Toronto's Forgotten Landmarks: Don Mount Court

Filed in City
January 5, 2009

Don Mount CourtAs recently as a few months back, on the Eastern side of Toronto's Don River just North of Queen street, sat Don Mount Court. I actually happened upon this then-abandoned location tangentially while scouting an infamous derelict 'gentleman's club' to the South of the massive housing complex; the TCHC (Toronto Community Housing Corp.) structure was home to some 232 households, until severe structural damage to the late 1960's building was reported.

Don Mount CourtAdded to the building's structural flaws was the increasing problem of isolation, as the community was cut-off from many roadways and basic amenities. Coupled with the increase and centralization of crime in this particular portion of Regent Park / Riverside, the death and redevelopment of the property became increasingly inevitable. As with much of the recent (and upcoming) architectural and distributional modifications to Regent Park in general, I cannot help but think of the unfortunate, if well-intentioned, Pruit Igoe urban planning disaster in Missouri from the '50s to the '70s.
Don Mount Court
The call for a community redo was put into action in 2002, resulting in a city council decision to commence work (with the aid of an Ontario grant of 9.3 million dollars in 2003) on townhouses and a low-rise apartment building on an adjacent property; meanwhile, the tenants would be relocated to other areas. Parts of this project were complete when I visited the abandoned building, but how strange it must be to look out of the window in your newly allotted home (after being displaced in the meantime, during its creation), and seeing the building you once inhabited, now a shell of how you knew it.
Don Mount Court
In order to address the problem of concentration of criminal activity, the new complexes would incorporate a 'mixed-income' strategy with 232 new spaces allotted to a similar rent-geared-to-income system as the old place, but with 187 urban town homes for general market sale.
Don Mount Court
Approval for the zoning bi-law amendments were given in 2004 by City Council, and by '05, the Ontario Municipal Council was on-board.

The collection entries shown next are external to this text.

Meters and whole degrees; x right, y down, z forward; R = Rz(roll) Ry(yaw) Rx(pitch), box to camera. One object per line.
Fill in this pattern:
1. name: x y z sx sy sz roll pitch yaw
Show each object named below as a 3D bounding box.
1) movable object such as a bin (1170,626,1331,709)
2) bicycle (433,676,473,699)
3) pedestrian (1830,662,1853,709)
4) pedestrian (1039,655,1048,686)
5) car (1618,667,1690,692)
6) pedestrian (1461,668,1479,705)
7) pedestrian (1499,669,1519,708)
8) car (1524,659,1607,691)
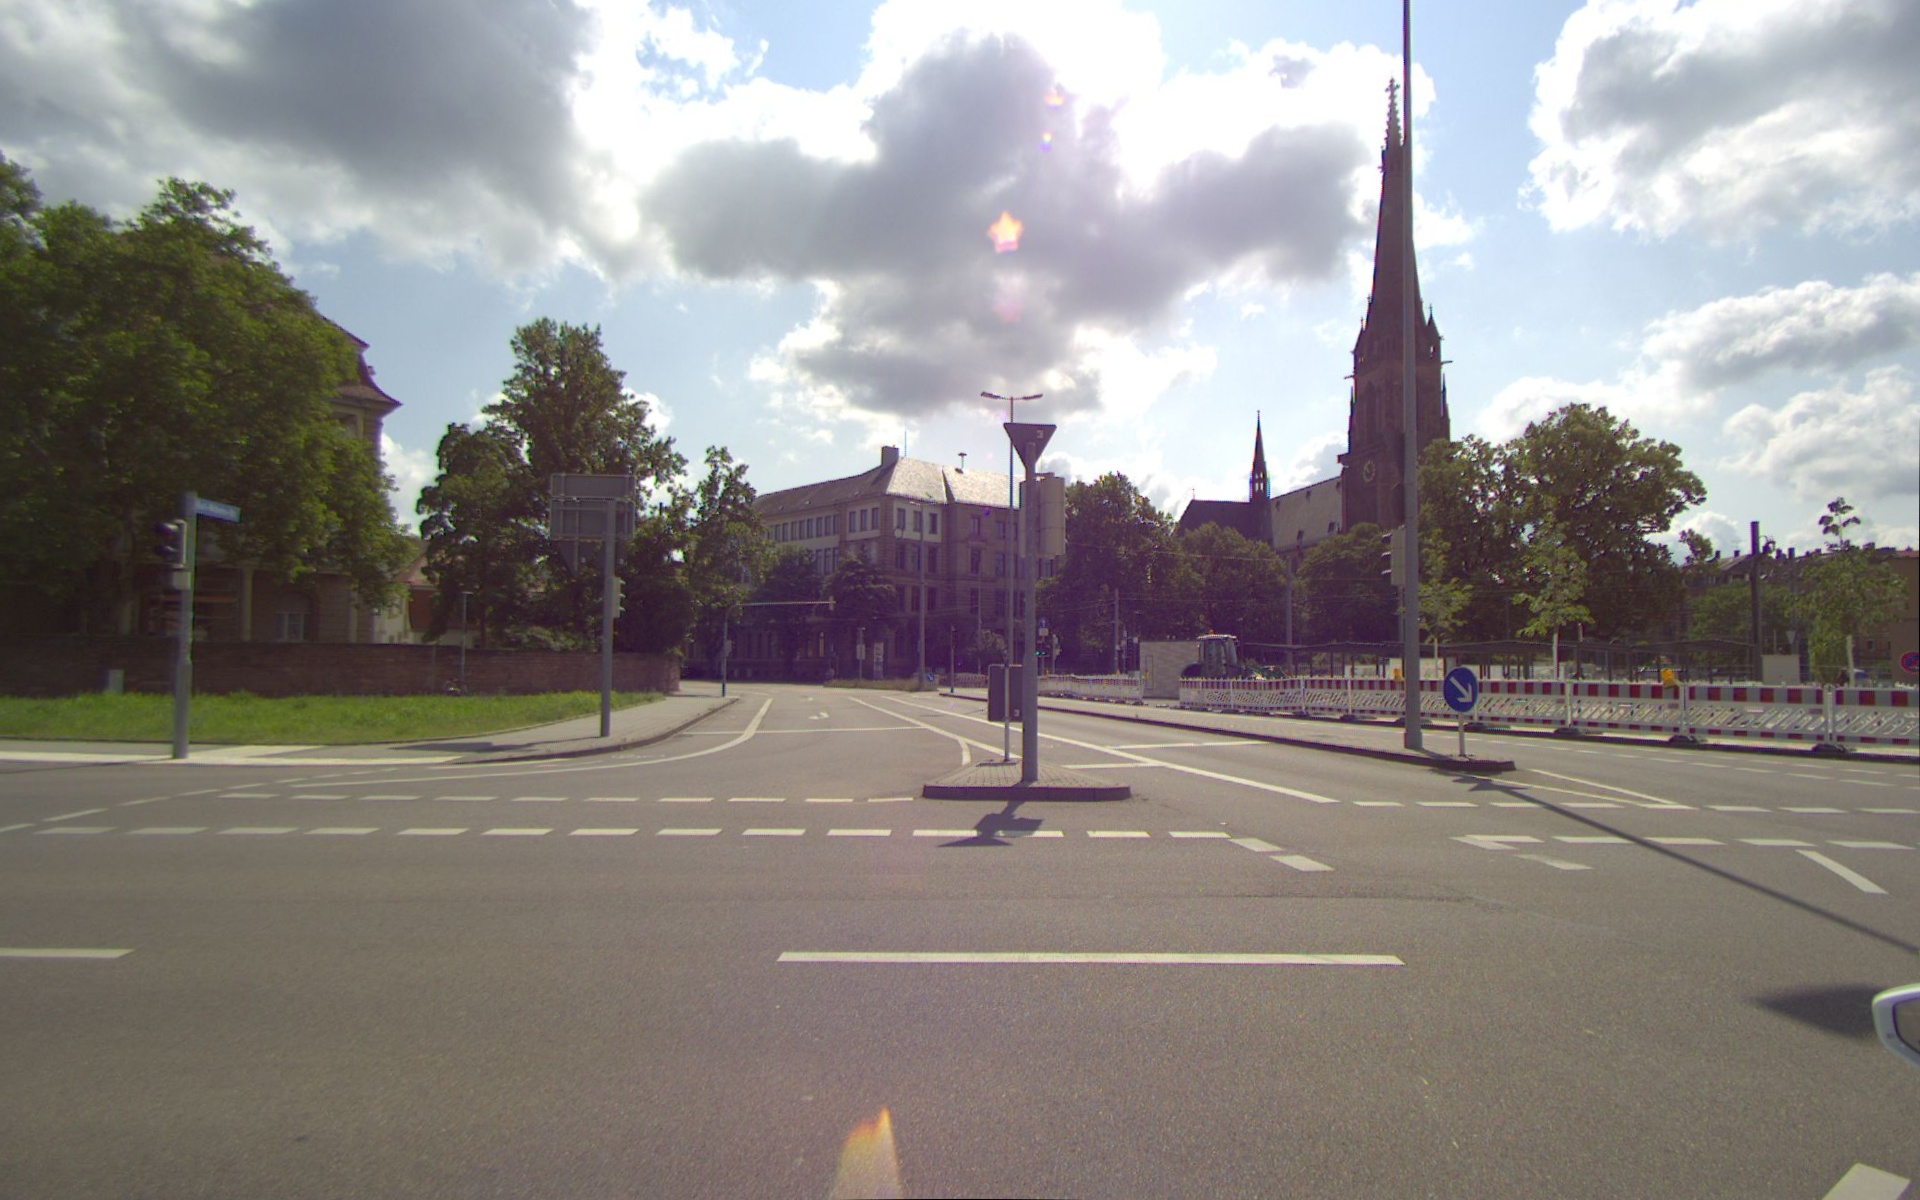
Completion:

My formal visit with my girlfriend to the site a week or so after discovering it revealed much more than city records and archives ever will; albeit aesthetically somewhat over-stated by the buildings' abandoned and junkyard-esque appearance upon our arrival (at one point, we actually encountered an entire pile of derelict refrigerators), we found living quarters which were so sterile and poorly planned, that I question the motives behind their creation in the first place.
Don Mount Court
The dehumanizing architecture of J.E. Hoare is finally beginning to leave Toronto (think: the demolition of the Regent Park super-blocks), the hideous and demoralizing spaces designed for the 'working poor', as he put it, yet I wonder how humanitarian the random relocation and redistribution of the residents actually is. I suppose anything is better than what we witnessed while exploring the old Don Mount Court - a building which intrigued me at first because of it's shocking resemblance to the old Bayview Ghost - but I wonder whether the new developments will resemble an idea of home, or merely the result of a committee.
Don Mount Court

vlvlv on January 6, 2009 at 1:58 AM

My family used to live in Don Mount Court with another family about 18 years ago. I returned to the area in 2005 to check it out and take pictures but it was completely demolished by then. Thank god it's gone that was by far the worst neighbourhood I've ever lived in. I was very young but I still remember police searching through the complex for escaped inmates from Don Jail.

Paul Jamnicky on January 6, 2009 at 8:08 AM

Great piece. Thank you.

Jane on January 6, 2009 at 9:11 AM

Great article. I used to work with families being relocated from Don Mount Court back in 2001/2002, and remember a number of them suffering the ill effects of asbestos exposure living in these old buildings. Hopefully TCHC gets enough funding from the federal and provincial governments to keep these places better maintained.

p.s. When can we expect the article on the "derelict 'gentleman's club'" :o)

Christopher King on January 6, 2009 at 11:29 AM

When I received my response to a transfer request to move out of 200 Wellesley Street East, the first place TCHC offered me was Don Mount Court.
They had neglected to tell me however that it was undergoing sever reconstruction, which I only found out about the day I decided to drive out with my father just to check the place out.